[Source data]
☆ ☆ ☆

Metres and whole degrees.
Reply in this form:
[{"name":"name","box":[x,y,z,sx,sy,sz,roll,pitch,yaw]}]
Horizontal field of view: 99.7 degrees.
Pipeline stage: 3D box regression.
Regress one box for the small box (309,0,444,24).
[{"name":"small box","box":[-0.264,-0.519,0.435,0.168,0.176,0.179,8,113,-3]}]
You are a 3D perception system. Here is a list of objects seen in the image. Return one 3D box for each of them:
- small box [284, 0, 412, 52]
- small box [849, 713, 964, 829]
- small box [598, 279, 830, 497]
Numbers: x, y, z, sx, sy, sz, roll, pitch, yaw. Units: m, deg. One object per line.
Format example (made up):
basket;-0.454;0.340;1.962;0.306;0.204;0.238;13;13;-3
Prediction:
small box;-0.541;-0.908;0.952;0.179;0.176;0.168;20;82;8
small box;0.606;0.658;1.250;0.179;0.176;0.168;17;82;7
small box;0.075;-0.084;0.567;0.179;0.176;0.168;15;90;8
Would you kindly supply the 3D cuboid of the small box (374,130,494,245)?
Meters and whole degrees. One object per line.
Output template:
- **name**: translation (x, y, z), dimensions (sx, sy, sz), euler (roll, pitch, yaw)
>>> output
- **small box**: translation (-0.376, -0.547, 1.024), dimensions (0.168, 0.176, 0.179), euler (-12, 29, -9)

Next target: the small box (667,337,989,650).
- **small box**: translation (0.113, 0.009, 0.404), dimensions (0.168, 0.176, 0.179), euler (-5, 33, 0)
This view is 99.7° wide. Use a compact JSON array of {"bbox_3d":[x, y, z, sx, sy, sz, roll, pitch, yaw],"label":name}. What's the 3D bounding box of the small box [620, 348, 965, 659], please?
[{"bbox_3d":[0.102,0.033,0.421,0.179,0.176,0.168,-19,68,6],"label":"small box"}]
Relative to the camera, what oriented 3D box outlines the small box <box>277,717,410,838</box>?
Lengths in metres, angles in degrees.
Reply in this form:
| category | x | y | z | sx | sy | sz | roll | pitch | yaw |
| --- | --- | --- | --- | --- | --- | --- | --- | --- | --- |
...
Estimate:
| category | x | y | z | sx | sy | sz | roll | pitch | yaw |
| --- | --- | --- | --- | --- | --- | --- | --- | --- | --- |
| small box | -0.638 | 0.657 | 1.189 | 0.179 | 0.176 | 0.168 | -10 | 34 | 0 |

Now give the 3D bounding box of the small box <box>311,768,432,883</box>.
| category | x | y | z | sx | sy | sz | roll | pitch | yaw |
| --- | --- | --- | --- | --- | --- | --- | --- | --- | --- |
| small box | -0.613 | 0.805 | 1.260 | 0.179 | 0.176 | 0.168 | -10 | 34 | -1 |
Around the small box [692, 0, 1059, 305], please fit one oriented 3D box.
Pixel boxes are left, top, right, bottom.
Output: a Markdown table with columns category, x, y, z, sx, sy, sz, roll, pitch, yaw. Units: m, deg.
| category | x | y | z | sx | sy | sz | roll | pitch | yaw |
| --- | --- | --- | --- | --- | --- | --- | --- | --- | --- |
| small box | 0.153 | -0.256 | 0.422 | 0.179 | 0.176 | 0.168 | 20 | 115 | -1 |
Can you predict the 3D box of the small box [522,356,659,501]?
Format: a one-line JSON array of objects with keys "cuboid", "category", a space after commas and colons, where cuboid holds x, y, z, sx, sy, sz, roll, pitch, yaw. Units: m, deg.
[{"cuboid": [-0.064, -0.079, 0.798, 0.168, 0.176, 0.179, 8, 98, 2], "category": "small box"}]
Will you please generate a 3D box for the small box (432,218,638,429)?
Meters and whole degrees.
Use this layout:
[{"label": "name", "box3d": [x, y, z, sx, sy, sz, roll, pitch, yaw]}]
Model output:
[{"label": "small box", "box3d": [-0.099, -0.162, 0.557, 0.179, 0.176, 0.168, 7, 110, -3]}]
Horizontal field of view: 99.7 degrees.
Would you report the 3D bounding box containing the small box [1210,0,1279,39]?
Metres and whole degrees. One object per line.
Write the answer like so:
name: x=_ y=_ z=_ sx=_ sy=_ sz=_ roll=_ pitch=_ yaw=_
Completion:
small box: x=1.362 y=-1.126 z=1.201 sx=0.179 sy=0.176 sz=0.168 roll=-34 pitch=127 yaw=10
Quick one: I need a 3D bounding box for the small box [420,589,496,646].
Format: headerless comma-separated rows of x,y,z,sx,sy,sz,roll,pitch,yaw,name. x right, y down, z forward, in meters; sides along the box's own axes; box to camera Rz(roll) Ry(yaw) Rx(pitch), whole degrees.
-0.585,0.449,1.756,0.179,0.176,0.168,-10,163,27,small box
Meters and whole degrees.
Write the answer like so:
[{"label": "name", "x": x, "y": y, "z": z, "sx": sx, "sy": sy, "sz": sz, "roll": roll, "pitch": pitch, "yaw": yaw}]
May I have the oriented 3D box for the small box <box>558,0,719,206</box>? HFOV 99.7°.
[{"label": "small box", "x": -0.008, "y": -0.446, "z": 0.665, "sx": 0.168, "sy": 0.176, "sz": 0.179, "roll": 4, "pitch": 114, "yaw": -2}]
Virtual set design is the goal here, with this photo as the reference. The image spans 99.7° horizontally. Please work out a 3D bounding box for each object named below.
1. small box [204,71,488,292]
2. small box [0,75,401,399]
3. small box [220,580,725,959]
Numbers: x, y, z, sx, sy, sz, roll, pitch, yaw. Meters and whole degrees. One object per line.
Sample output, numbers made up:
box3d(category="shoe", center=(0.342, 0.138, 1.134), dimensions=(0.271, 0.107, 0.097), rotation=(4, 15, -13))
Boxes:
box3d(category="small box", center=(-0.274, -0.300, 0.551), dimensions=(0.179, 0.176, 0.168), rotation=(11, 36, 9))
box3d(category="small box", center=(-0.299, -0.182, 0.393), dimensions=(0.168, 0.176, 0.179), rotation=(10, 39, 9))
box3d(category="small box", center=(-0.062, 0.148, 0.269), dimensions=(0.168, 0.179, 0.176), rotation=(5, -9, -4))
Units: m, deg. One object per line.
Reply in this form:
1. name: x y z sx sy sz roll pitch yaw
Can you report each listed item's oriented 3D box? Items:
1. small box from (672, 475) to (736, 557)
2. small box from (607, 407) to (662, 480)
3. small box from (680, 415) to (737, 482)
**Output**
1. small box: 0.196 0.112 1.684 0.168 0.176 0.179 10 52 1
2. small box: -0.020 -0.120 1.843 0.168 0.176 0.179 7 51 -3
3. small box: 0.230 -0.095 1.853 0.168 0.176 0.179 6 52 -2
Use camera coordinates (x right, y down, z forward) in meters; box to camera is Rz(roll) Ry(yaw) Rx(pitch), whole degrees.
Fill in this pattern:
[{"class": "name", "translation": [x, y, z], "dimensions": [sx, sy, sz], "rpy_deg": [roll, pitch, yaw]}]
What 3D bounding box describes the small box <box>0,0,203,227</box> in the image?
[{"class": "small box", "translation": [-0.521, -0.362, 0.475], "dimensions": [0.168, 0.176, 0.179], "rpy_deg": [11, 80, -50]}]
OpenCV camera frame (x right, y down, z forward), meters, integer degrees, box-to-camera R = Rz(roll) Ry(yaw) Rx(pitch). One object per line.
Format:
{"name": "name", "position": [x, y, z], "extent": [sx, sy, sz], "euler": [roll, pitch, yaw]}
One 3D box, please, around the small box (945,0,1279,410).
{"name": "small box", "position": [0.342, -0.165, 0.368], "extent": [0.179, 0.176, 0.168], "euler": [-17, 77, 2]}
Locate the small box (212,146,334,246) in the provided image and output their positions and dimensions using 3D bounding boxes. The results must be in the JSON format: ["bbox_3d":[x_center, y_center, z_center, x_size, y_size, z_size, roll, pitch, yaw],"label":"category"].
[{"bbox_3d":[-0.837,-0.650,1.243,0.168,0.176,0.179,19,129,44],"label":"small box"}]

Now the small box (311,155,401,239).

☆ ☆ ☆

→ The task
Set down only the lines above that fall between the line holding "- small box [284, 0, 412, 52]" and the line holding "basket;-0.454;0.340;1.962;0.306;0.204;0.238;13;13;-3", inclusive, keeping each exact.

→ Result of this exercise
- small box [284, 0, 412, 52]
- small box [849, 713, 964, 829]
- small box [598, 279, 830, 497]
Numbers: x, y, z, sx, sy, sz, roll, pitch, yaw. Units: m, deg. One object per line.
Format example (made up):
basket;-0.454;0.340;1.962;0.306;0.204;0.238;13;13;-3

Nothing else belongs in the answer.